Despite a last minute push from President Donald Trump, GOP Rep. Lauren Boebert kept her name on a discharge petition that would demand the full release of investigative files around convicted sex offender Jeffrey Epstein.
Boebert met with Trump Administration officials at the White House Wednesday over her support for using a process that goes around GOP leadership to force a vote on releasing the files.
White House spokeswoman Karoline Leavitt confirmed Boebert’s meeting at a press conference Wednesday afternoon, saying it was about transparency.
“Doesn’t it show transparency that members of the Trump administration are willing to brief members of Congress, whenever they please?” Leavitt told an ABC reporter who asked whether the administration was meeting with Boebert in order to push her to take her name off the petition. “Doesn’t that show the level of transparency when we are willing to sit down with members of Congress and address their concerns?”
Boebert thanked the White House for the meeting, writing on social media later in the afternoon, “Together, we remain committed to ensuring transparency for the American people.” CPR News has reached out to her for additional comment.
Boebert is one of four Republicans who signed the bipartisan discharge petition led by GOP Rep. Thomas Massie of Kentucky and Democratic Rep. Ro Khanna of California to force the Justice Department to release all the files.
Boebert, Rep. Nancy Mace of South Carolina and Rep. Marjorie Taylor Greene of Georgia all signed onto the petition on September 2. It remained one vote short until Wednesday afternoon when Democratic Rep. Adelita Grijalva of New Mexico was sworn in and added her name.
Massie and Khanna sat together during the swearing in and stood up and clapped when it was announced she’d be the 218th signature. There were also two Epstein victims in the gallery watching.
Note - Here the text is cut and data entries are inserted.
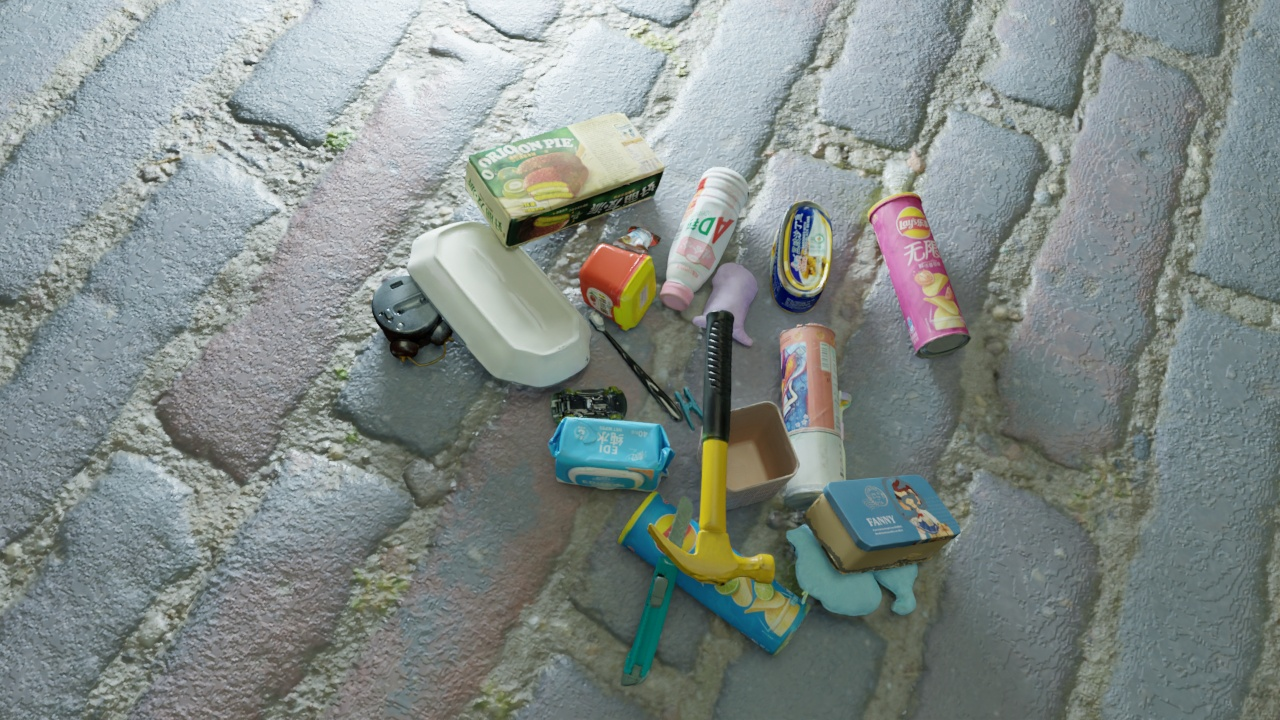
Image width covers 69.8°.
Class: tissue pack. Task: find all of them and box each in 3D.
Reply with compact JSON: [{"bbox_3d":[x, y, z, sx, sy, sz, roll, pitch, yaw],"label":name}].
[{"bbox_3d":[-0.033,0.110,1.044,0.140,0.090,0.063,6,65,-1],"label":"tissue pack"}]

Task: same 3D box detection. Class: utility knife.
[{"bbox_3d":[0.019,0.248,0.976,0.029,0.013,0.216,16,93,2],"label":"utility knife"}]

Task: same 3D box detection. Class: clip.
[{"bbox_3d":[0.061,0.058,1.117,0.042,0.014,0.056,-21,70,-13],"label":"clip"}]

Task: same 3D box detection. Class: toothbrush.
[{"bbox_3d":[-0.007,0.007,1.135,0.015,0.018,0.181,-34,73,-21],"label":"toothbrush"},{"bbox_3d":[0.240,0.127,1.094,0.020,0.029,0.189,-13,60,37],"label":"toothbrush"}]

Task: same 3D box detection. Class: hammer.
[{"bbox_3d":[0.079,0.085,0.971,0.129,0.033,0.300,5,66,-1],"label":"hammer"}]

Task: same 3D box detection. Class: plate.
[{"bbox_3d":[-0.167,-0.081,1.122,0.161,0.034,0.265,-27,68,-39],"label":"plate"}]

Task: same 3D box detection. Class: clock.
[{"bbox_3d":[-0.278,-0.048,1.120,0.082,0.055,0.122,-26,70,-16],"label":"clock"}]

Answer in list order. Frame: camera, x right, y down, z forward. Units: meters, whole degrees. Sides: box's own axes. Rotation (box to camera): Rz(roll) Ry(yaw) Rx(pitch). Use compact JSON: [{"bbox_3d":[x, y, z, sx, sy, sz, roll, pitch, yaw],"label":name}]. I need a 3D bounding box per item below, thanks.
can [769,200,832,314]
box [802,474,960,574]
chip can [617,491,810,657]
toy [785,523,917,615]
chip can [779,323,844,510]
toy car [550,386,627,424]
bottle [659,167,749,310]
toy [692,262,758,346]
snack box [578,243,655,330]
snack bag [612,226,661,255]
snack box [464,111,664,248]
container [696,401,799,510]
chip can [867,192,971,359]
[{"bbox_3d":[0.210,-0.136,1.196,0.074,0.049,0.148,9,65,1],"label":"can"},{"bbox_3d":[0.259,0.177,1.000,0.184,0.061,0.089,1,45,-39],"label":"box"},{"bbox_3d":[0.079,0.233,1.005,0.210,0.071,0.071,35,68,12],"label":"chip can"},{"bbox_3d":[0.232,0.231,1.012,0.161,0.050,0.155,45,45,8],"label":"toy"},{"bbox_3d":[0.204,0.065,1.091,0.071,0.071,0.214,3,65,-2],"label":"chip can"},{"bbox_3d":[-0.061,0.057,1.096,0.091,0.036,0.043,-4,64,-4],"label":"toy car"},{"bbox_3d":[0.080,-0.156,1.189,0.068,0.068,0.196,21,69,6],"label":"bottle"},{"bbox_3d":[0.117,-0.077,1.169,0.084,0.039,0.107,25,61,-12],"label":"toy"},{"bbox_3d":[-0.029,-0.096,1.142,0.080,0.091,0.081,28,67,16],"label":"snack box"},{"bbox_3d":[-0.004,-0.153,1.179,0.048,0.104,0.026,21,108,6],"label":"snack bag"},{"bbox_3d":[-0.096,-0.238,1.189,0.239,0.063,0.114,-25,68,-28],"label":"snack box"},{"bbox_3d":[0.116,0.115,1.040,0.090,0.111,0.089,-14,67,-10],"label":"container"},{"bbox_3d":[0.357,-0.110,1.181,0.071,0.071,0.210,-8,66,-8],"label":"chip can"}]

Once a petition reaches 218 votes, it is frozen and no names can be added or removed.
Earlier in the day, Trump lashed out on social media at Republicans that supported the petition, writing Democrats are doing this to deflect from their failures.
“Only a very bad, or stupid, Republican would fall into that trap,” he wrote on Truth Social. “There should be no deflections to Epstein or anything else, and Republicans involved should be focused only on opening up our country and fixing the massive damage caused by the Democrats!”
Even with the required 218 signatures on the discharge petition, there will still be a lag before the bill can come to the floor for a vote.
It will take seven legislative days before it’s ready to be brought to the floor and then Speaker Mike Johnson will have two legislative days to schedule a vote. And it will still have to come to the floor under a rule, which gives Republican leaders some control over the bill.
If the bill gets to the House floor for a vote and passes, there’s no guarantee that the Senate would take it up and pass it there. But if it did, it would then have to be signed into law by Trump, who has referred to the effort as the “Epstein Hoax.”